Work request ▸ Determine how many lines in the records include "front". Write the number and nothing more.

Recorded data ▸
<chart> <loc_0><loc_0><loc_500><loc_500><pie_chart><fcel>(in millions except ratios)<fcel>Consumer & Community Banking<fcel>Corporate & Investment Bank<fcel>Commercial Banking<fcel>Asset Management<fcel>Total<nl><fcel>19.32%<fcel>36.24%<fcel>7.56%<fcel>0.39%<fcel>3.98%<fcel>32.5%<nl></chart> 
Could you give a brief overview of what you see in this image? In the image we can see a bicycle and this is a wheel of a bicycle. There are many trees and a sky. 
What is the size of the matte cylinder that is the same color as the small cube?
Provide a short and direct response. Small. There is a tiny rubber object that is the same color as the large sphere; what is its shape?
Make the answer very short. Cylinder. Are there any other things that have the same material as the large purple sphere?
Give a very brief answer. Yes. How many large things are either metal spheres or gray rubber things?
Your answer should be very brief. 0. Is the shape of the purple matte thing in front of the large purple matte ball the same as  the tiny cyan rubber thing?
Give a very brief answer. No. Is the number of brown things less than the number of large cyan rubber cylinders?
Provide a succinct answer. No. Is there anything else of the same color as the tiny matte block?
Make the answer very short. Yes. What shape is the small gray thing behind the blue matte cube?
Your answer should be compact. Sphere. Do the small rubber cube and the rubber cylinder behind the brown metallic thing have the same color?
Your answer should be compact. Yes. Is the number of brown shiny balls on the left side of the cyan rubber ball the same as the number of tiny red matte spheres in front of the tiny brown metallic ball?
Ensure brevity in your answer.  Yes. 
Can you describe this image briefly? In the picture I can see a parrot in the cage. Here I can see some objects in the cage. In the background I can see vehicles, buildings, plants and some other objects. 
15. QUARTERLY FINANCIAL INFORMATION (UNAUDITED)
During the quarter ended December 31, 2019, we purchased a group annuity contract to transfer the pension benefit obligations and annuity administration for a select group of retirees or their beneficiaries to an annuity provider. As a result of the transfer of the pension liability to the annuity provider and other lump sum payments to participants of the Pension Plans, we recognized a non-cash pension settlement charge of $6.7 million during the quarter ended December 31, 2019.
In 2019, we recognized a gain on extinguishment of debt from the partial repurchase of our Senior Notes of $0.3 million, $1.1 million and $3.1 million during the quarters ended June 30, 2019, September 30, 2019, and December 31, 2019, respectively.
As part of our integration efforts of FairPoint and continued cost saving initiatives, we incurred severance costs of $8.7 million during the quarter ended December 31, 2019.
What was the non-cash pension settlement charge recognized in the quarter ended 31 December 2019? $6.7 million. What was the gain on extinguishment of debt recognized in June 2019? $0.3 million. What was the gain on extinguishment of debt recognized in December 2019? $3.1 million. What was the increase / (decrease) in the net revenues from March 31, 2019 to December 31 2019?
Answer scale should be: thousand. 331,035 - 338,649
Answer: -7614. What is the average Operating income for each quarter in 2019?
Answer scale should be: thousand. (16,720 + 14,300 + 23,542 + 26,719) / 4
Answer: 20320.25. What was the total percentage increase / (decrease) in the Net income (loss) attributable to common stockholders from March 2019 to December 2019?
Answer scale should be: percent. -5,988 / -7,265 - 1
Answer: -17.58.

---

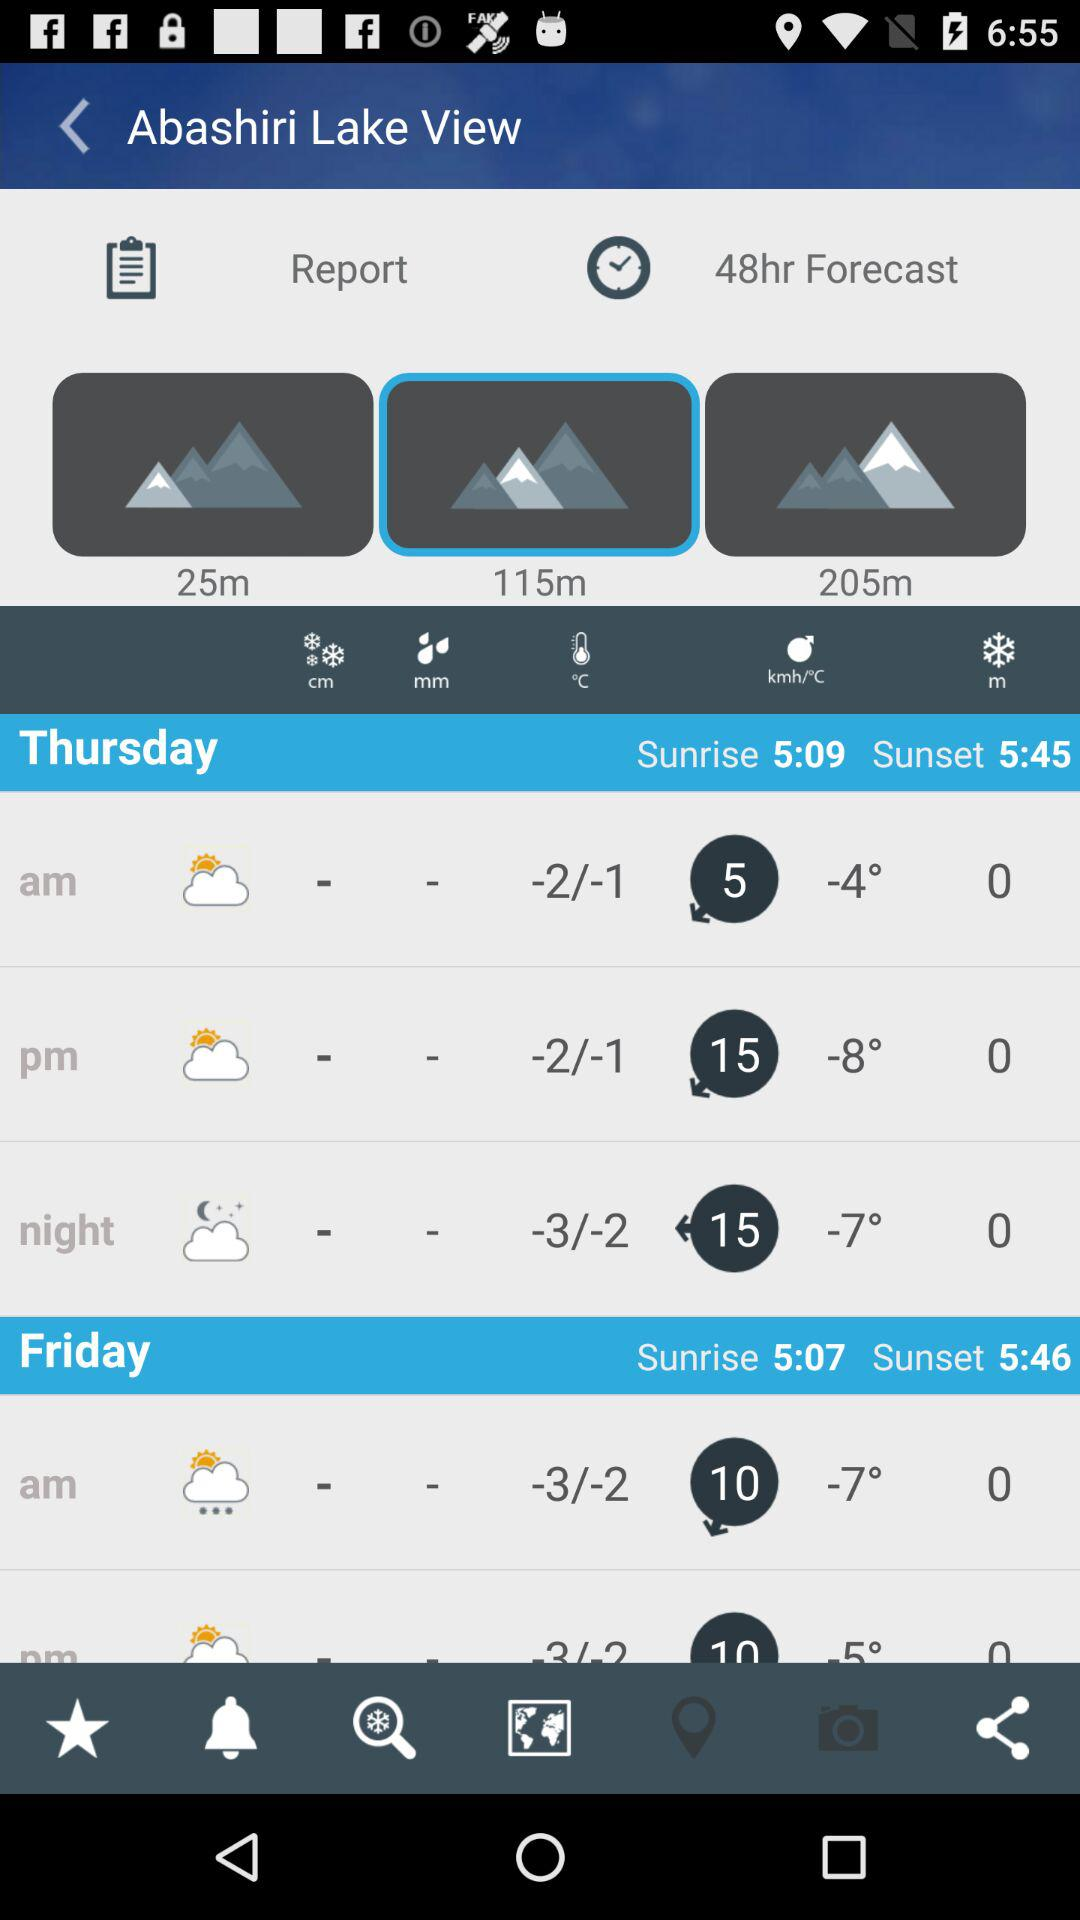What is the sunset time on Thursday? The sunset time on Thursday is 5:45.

Response to the exercise ▸ 2